@Required Spring Annotation


@Required

We use the @Required annotation to tell Spring that a property on a bean is required.

Student.java

Here we have applied the @Required annotation to the method setStudentId.

package com.skills421.examples.spring.model;

import org.springframework.beans.factory.annotation.Required;

public class Student
{
private String name;
private String email;
private String studentId;

public String getName()
{
return name;
}

public void setName(String name)
{
this.name = name;
}

public String getEmail()
{
return email;
}

public void setEmail(String email)
{
this.email = email;
}

public String getStudentId()
{
return studentId;
}

@Required
public void setStudentId(String studentId)
{
this.studentId = studentId;
}

public String toString()
{
StringBuilder sb = new StringBuilder("Student[");
sb.append("name="+name);
sb.append(", email="+email);
sb.append(", studentId="+studentId);
sb.append("]");

return sb.toString();
}

}

student1.xml

This will do nothing if we do not add the RequiredAnnotationBeanPostProcessor bean to our Spring config xml file.
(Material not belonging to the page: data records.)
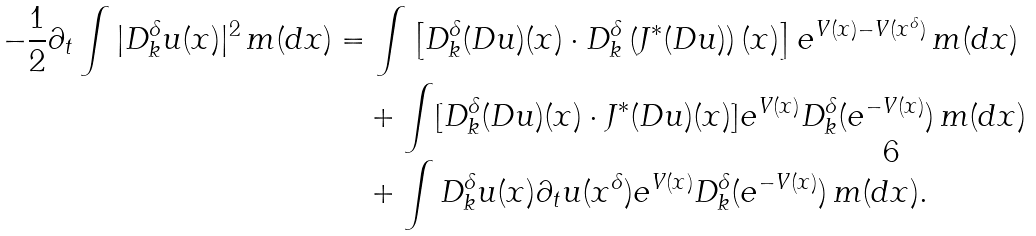Convert formula to latex. <formula><loc_0><loc_0><loc_500><loc_500>- \frac { 1 } { 2 } \partial _ { t } \int | D _ { k } ^ { \delta } u ( x ) | ^ { 2 } \, m ( d x ) & = \int \left [ D _ { k } ^ { \delta } ( D u ) ( x ) \cdot D _ { k } ^ { \delta } \left ( J ^ { * } ( D u ) \right ) ( x ) \right ] e ^ { V ( x ) - V ( x ^ { \delta } ) } \, m ( d x ) \\ & \quad + \int [ D _ { k } ^ { \delta } ( D u ) ( x ) \cdot J ^ { * } ( D u ) ( x ) ] e ^ { V ( x ) } D _ { k } ^ { \delta } ( e ^ { - V ( x ) } ) \, m ( d x ) \\ & \quad + \int D _ { k } ^ { \delta } u ( x ) \partial _ { t } u ( x ^ { \delta } ) e ^ { V ( x ) } D _ { k } ^ { \delta } ( e ^ { - V ( x ) } ) \, m ( d x ) .</formula> 
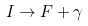Convert formula to latex. <formula><loc_0><loc_0><loc_500><loc_500>I \to F + \gamma</formula> 
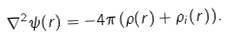Convert formula to latex. <formula><loc_0><loc_0><loc_500><loc_500>\nabla ^ { 2 } \psi ( r ) = - 4 \pi \, ( \rho ( r ) + \rho _ { i } ( r ) ) .</formula> 
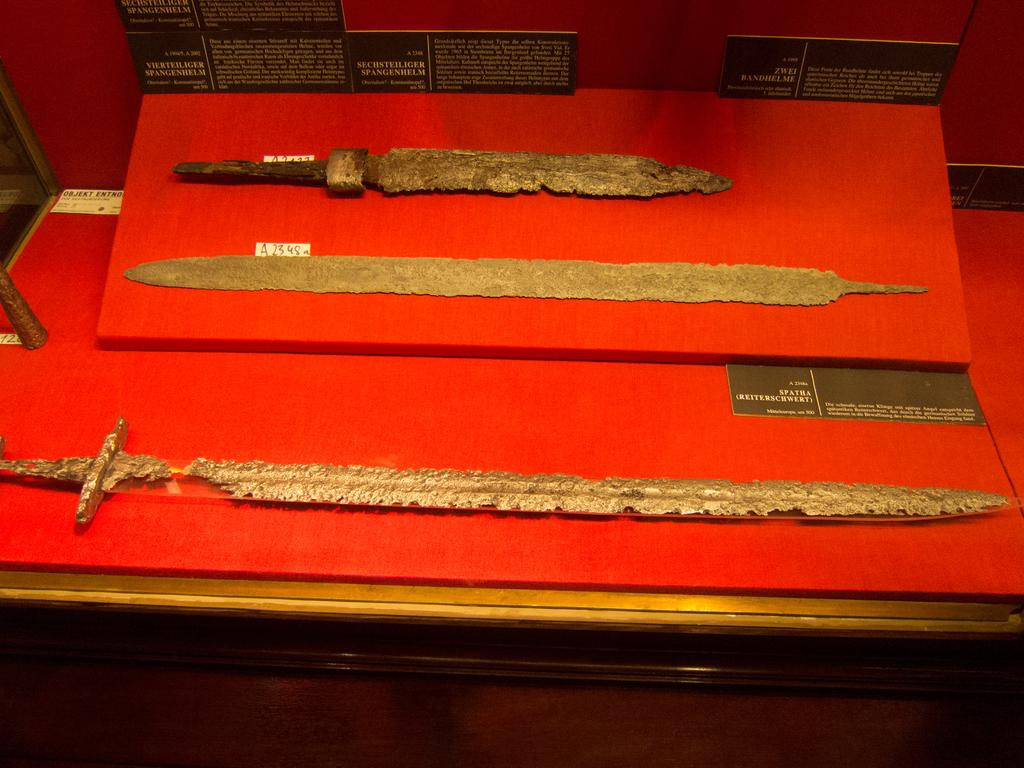What type of objects are in the image? There are three ancient objects in the image. What is the color of the surface on which the objects are placed? The ancient objects are placed on a red surface. Are there any additional items or information related to the objects in the image? Yes, there are black cards with information around the objects. How many cherries are on top of the ancient objects in the image? There are no cherries present in the image. Is there any evidence of a crime scene in the image? There is no indication of a crime scene in the image; it features ancient objects on a red surface with black cards containing information.

<beans xmlns="http://www.springframework.org/schema/beans"
xmlns:xsi="http://www.w3.org/2001/XMLSchema-instance"
xsi:schemaLocation="http://www.springframework.org/schema/beans
http://www.springframework.org/schema/beans/spring-beans.xsd">

<!-- Person Beans -->
<bean id="jondoe" class="com.skills421.examples.spring.model.Student">
<property name="name" value="Jon Doe" />
<property name="email" value="jon.doe@gmail.com" />
<property name="studentId" value="DoeJ-001" />
</bean>

<bean class="org.springframework.beans.factory.annotation.RequiredAnnotationBeanPostProcessor" />
</beans>

TestStudent1.java

Now we can bring it all together in our Test Suite.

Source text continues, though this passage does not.